Any number of args may be added.
- In order to maintain efficiency, contigs whose sequence does not change from one cycle to another are not re-extended,
i.e. paired-end reads are not mapped to their edges. They can still be included in assembly jobs if the reads that map
to the edges of still-active contigs have paired-ends that map to them (which will bring them into those contigs' assembly
jobs). But sometimes, a contig that has stopped growing will be approached by another contig that is still growing, and
the same troublesome (probably low-coverage) area will stop that contig as well. In that case, the sum of the overhanging
reads from both of the two stalled contigs could allow the low-coverage region to be traversed.
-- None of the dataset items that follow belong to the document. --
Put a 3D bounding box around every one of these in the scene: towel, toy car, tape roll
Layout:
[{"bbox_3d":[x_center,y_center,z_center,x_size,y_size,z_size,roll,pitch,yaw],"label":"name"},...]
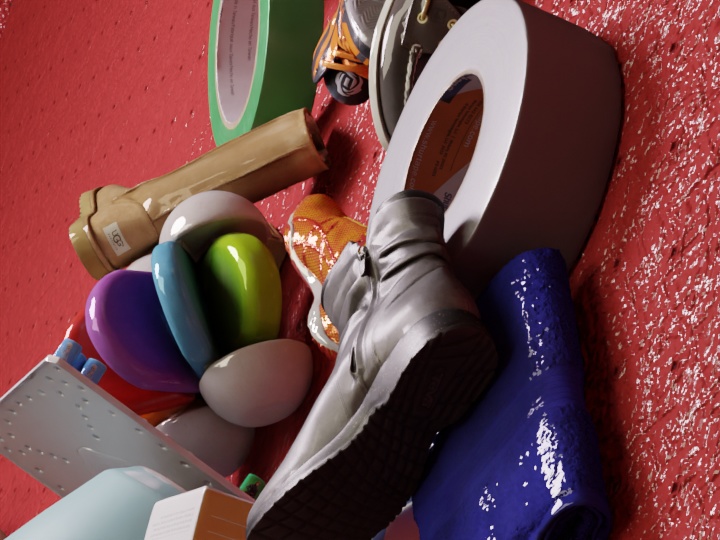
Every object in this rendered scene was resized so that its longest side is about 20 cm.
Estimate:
[{"bbox_3d":[0.081,0.100,1.228,0.148,0.049,0.201,-52,27,34],"label":"towel"},{"bbox_3d":[-0.137,0.048,1.655,0.200,0.149,0.176,-46,53,44],"label":"toy car"},{"bbox_3d":[-0.078,-0.187,1.863,0.200,0.048,0.202,-177,90,-74],"label":"tape roll"},{"bbox_3d":[0.075,-0.058,1.365,0.201,0.066,0.201,-54,24,38],"label":"tape roll"}]

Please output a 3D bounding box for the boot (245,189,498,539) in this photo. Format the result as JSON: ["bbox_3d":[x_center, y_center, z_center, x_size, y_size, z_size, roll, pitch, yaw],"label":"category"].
[{"bbox_3d":[-0.001,0.062,1.289,0.200,0.070,0.132,-47,36,22],"label":"boot"}]

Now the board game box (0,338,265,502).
[{"bbox_3d":[-0.166,0.138,1.646,0.026,0.200,0.200,-59,12,-29],"label":"board game box"}]

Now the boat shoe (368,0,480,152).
[{"bbox_3d":[0.057,-0.170,1.518,0.060,0.071,0.203,4,81,47],"label":"boat shoe"}]

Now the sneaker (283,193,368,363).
[{"bbox_3d":[0.000,0.000,1.542,0.077,0.073,0.200,-42,30,11],"label":"sneaker"}]

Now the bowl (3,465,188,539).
[{"bbox_3d":[-0.135,0.206,1.537,0.105,0.201,0.201,-53,15,-15],"label":"bowl"}]

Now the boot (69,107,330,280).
[{"bbox_3d":[-0.118,-0.064,1.785,0.199,0.066,0.175,-26,15,6],"label":"boot"}]

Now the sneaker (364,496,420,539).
[{"bbox_3d":[0.002,0.218,1.313,0.072,0.072,0.201,31,94,33],"label":"sneaker"}]

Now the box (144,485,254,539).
[{"bbox_3d":[-0.080,0.248,1.396,0.097,0.124,0.201,-25,49,64],"label":"box"}]

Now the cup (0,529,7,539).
[{"bbox_3d":[-0.427,0.295,2.277,0.201,0.142,0.201,-53,26,40],"label":"cup"}]

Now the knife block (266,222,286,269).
[{"bbox_3d":[-0.128,0.075,1.824,0.199,0.177,0.064,-24,22,-7],"label":"knife block"}]

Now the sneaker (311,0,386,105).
[{"bbox_3d":[0.011,-0.158,1.641,0.200,0.077,0.113,-79,11,-64],"label":"sneaker"}]
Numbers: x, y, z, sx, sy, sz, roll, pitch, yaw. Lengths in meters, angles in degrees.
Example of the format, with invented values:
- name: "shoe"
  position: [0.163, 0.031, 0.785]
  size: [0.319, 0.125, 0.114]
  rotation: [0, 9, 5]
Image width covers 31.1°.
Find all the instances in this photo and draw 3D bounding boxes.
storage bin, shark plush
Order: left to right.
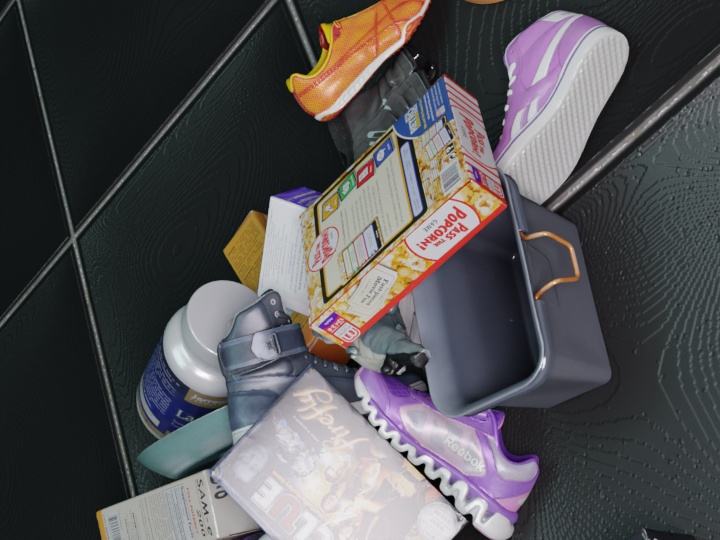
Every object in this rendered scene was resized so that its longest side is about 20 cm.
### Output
- name: "shark plush"
  position: [0.012, 0.043, 1.136]
  size: [0.200, 0.090, 0.084]
  rotation: [-107, 32, -78]
- name: "storage bin"
  position: [0.142, 0.023, 1.125]
  size: [0.145, 0.134, 0.202]
  rotation: [-30, 60, 38]

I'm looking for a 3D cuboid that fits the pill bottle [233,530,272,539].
- name: "pill bottle"
  position: [-0.078, 0.308, 1.262]
  size: [0.200, 0.111, 0.114]
  rotation: [146, 126, -60]

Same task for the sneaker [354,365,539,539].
- name: "sneaker"
  position: [0.083, 0.144, 1.164]
  size: [0.200, 0.080, 0.089]
  rotation: [42, 100, 6]

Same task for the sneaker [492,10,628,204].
- name: "sneaker"
  position: [0.159, -0.148, 1.208]
  size: [0.201, 0.072, 0.114]
  rotation: [-56, 41, 6]

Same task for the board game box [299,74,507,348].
- name: "board game box"
  position: [0.029, -0.052, 1.124]
  size: [0.200, 0.046, 0.152]
  rotation: [-42, 34, 27]

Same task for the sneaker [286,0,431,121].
- name: "sneaker"
  position: [0.004, -0.246, 1.345]
  size: [0.200, 0.077, 0.073]
  rotation: [-47, 10, -12]

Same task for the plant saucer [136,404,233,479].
- name: "plant saucer"
  position: [-0.134, 0.171, 1.346]
  size: [0.199, 0.199, 0.036]
  rotation: [-33, 77, 37]

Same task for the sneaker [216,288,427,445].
- name: "sneaker"
  position: [-0.040, 0.083, 1.249]
  size: [0.077, 0.200, 0.148]
  rotation: [135, 122, -65]

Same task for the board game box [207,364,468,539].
- name: "board game box"
  position: [-0.020, 0.204, 1.163]
  size: [0.200, 0.035, 0.136]
  rotation: [44, 82, 5]

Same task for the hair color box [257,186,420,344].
- name: "hair color box"
  position: [0.000, 0.000, 1.271]
  size: [0.199, 0.065, 0.110]
  rotation: [21, 113, 28]

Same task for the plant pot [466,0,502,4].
- name: "plant pot"
  position: [0.100, -0.382, 1.275]
  size: [0.199, 0.139, 0.202]
  rotation: [-16, 67, 44]

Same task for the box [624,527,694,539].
- name: "box"
  position: [0.198, 0.317, 1.028]
  size: [0.200, 0.078, 0.142]
  rotation: [-42, 49, 31]

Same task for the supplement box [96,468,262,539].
- name: "supplement box"
  position: [-0.175, 0.263, 1.397]
  size: [0.199, 0.125, 0.074]
  rotation: [-25, 74, 39]

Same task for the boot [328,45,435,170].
- name: "boot"
  position: [0.045, -0.129, 1.322]
  size: [0.131, 0.069, 0.201]
  rotation: [-40, 57, 26]

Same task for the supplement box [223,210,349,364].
- name: "supplement box"
  position: [-0.074, 0.022, 1.406]
  size: [0.069, 0.066, 0.200]
  rotation: [-56, 47, 20]

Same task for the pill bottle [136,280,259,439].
- name: "pill bottle"
  position: [-0.168, 0.102, 1.406]
  size: [0.200, 0.115, 0.117]
  rotation: [123, 139, -51]
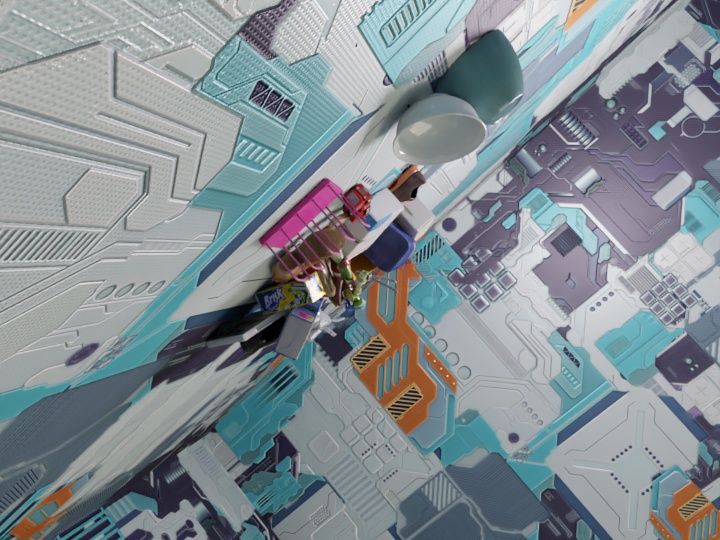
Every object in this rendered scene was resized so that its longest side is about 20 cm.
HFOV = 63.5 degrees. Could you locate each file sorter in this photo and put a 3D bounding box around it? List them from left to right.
[{"bbox_3d":[-0.093,-0.082,1.291,0.200,0.125,0.139,-42,173,7],"label":"file sorter"}]

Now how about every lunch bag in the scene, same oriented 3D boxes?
[{"bbox_3d":[0.087,-0.089,1.885,0.136,0.200,0.132,-48,172,17],"label":"lunch bag"}]

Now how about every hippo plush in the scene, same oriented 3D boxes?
[{"bbox_3d":[-0.195,0.198,2.254,0.160,0.200,0.161,-62,167,-8],"label":"hippo plush"}]

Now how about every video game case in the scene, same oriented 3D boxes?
[{"bbox_3d":[-0.320,0.159,1.662,0.200,0.023,0.182,-14,-165,45],"label":"video game case"}]

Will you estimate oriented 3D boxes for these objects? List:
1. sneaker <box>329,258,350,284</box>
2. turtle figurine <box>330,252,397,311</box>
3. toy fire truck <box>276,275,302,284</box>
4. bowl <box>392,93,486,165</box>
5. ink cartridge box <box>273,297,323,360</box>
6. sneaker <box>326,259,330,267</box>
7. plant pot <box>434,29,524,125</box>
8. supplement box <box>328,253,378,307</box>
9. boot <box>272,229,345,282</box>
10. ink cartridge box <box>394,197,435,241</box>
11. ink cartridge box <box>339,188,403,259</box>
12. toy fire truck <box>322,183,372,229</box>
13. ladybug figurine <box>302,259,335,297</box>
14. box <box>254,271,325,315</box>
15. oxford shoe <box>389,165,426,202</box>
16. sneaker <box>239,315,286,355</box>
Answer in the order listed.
[{"bbox_3d":[-0.060,0.004,1.796,0.078,0.116,0.200,-3,-152,5],"label":"sneaker"},{"bbox_3d":[0.000,0.000,1.627,0.200,0.194,0.144,-28,-173,30],"label":"turtle figurine"},{"bbox_3d":[-0.208,0.054,1.746,0.141,0.049,0.200,-36,170,-41],"label":"toy fire truck"},{"bbox_3d":[0.161,-0.311,1.237,0.201,0.091,0.201,-5,161,-2],"label":"bowl"},{"bbox_3d":[-0.173,0.148,1.683,0.200,0.076,0.137,-68,-176,-67],"label":"ink cartridge box"},{"bbox_3d":[-0.132,0.038,1.879,0.200,0.075,0.100,-44,-144,18],"label":"sneaker"},{"bbox_3d":[0.280,-0.402,1.283,0.200,0.135,0.200,-41,173,-6],"label":"plant pot"},{"bbox_3d":[-0.028,-0.011,2.018,0.197,0.133,0.200,-36,171,-35],"label":"supplement box"},{"bbox_3d":[-0.143,-0.035,1.523,0.200,0.074,0.155,-25,174,-20],"label":"boot"},{"bbox_3d":[0.157,-0.177,1.940,0.083,0.145,0.200,-40,173,-11],"label":"ink cartridge box"},{"bbox_3d":[0.013,-0.131,1.702,0.146,0.086,0.200,-33,171,-48],"label":"ink cartridge box"},{"bbox_3d":[-0.040,-0.141,1.517,0.141,0.049,0.200,-38,172,-10],"label":"toy fire truck"},{"bbox_3d":[-0.125,0.012,1.696,0.072,0.136,0.200,-19,152,0],"label":"ladybug figurine"},{"bbox_3d":[-0.194,0.064,1.584,0.200,0.070,0.064,-17,-171,38],"label":"box"},{"bbox_3d":[0.122,-0.225,1.758,0.071,0.073,0.200,-35,171,-45],"label":"oxford shoe"},{"bbox_3d":[-0.260,0.177,1.682,0.091,0.076,0.200,-27,-170,29],"label":"sneaker"}]
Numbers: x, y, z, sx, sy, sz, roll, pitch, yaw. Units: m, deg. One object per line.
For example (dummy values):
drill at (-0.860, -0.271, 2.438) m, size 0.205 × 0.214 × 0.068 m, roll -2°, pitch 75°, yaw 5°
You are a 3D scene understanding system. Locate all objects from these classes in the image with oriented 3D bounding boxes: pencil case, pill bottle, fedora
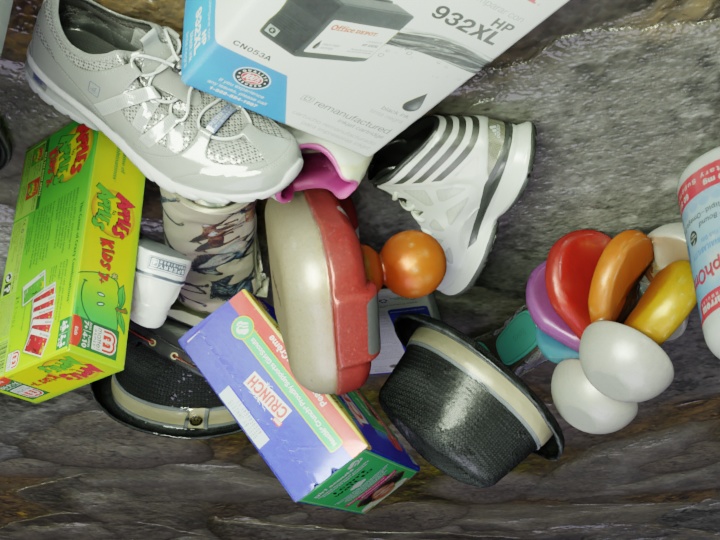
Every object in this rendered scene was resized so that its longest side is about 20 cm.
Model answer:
pencil case at (-0.118, -0.037, 0.826) m, size 0.089 × 0.078 × 0.200 m, roll -2°, pitch 153°, yaw -8°
pill bottle at (0.316, 0.006, 0.782) m, size 0.109 × 0.200 × 0.109 m, roll 0°, pitch 152°, yaw 0°
fedora at (0.090, 0.134, 0.947) m, size 0.200 × 0.092 × 0.201 m, roll 38°, pitch 164°, yaw 13°
fedora at (-0.170, 0.084, 1.014) m, size 0.200 × 0.201 × 0.092 m, roll 4°, pitch 119°, yaw -7°

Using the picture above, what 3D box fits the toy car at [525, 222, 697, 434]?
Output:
toy car at (0.223, 0.036, 0.915) m, size 0.150 × 0.175 × 0.200 m, roll 34°, pitch 154°, yaw 10°

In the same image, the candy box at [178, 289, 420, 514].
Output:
candy box at (-0.045, 0.118, 0.859) m, size 0.077 × 0.169 × 0.200 m, roll -41°, pitch 158°, yaw 3°

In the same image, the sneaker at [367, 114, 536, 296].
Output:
sneaker at (0.057, -0.058, 0.814) m, size 0.115 × 0.076 × 0.201 m, roll 13°, pitch 143°, yaw -6°

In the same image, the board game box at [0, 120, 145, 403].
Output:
board game box at (-0.212, -0.014, 0.738) m, size 0.101 × 0.200 × 0.048 m, roll -21°, pitch 146°, yaw 34°

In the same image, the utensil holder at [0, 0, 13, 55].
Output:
utensil holder at (-0.253, -0.146, 0.490) m, size 0.170 × 0.200 × 0.170 m, roll -1°, pitch 152°, yaw -1°

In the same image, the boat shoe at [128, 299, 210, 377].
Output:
boat shoe at (-0.203, 0.041, 0.922) m, size 0.201 × 0.063 × 0.074 m, roll 23°, pitch -168°, yaw 5°

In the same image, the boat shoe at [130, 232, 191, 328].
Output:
boat shoe at (-0.203, -0.003, 0.810) m, size 0.073 × 0.065 × 0.200 m, roll 17°, pitch -178°, yaw -31°

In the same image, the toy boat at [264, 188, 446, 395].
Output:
toy boat at (0.000, 0.000, 0.755) m, size 0.130 × 0.200 × 0.131 m, roll -7°, pitch 115°, yaw -9°

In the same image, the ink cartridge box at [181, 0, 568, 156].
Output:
ink cartridge box at (0.007, -0.165, 0.579) m, size 0.145 × 0.084 × 0.200 m, roll 19°, pitch 146°, yaw -31°

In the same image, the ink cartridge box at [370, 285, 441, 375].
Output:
ink cartridge box at (0.035, 0.055, 1.048) m, size 0.095 × 0.037 × 0.200 m, roll -7°, pitch 149°, yaw 10°

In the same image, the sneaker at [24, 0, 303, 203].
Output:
sneaker at (-0.127, -0.110, 0.632) m, size 0.200 × 0.075 × 0.082 m, roll 27°, pitch 142°, yaw 4°

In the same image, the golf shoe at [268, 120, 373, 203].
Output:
golf shoe at (-0.086, -0.094, 0.708) m, size 0.200 × 0.092 × 0.075 m, roll 0°, pitch 153°, yaw 3°

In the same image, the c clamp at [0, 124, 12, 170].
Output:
c clamp at (-0.352, -0.122, 0.726) m, size 0.171 × 0.027 × 0.200 m, roll -8°, pitch 150°, yaw 2°

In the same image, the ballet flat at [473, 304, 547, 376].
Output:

This arg provides an
opportunity for that to happen by using all of the contigs in the assembly with no regard for whether or not they had
changed during the prior cycle.
- FILTERING INITIAL CONTIGS:
- -icbf a b [c]
- prevents input sequences with a match of at least (b)% identity to a sequence in file (a) from being used.
This filter is optionally not applied to sequences of length greater than (c) nucleotides.
- similar to -badf (above)
- -icmHp a [b]
- filters out an initial contig if it has a homo-polymer track >(a) nucleotides in length.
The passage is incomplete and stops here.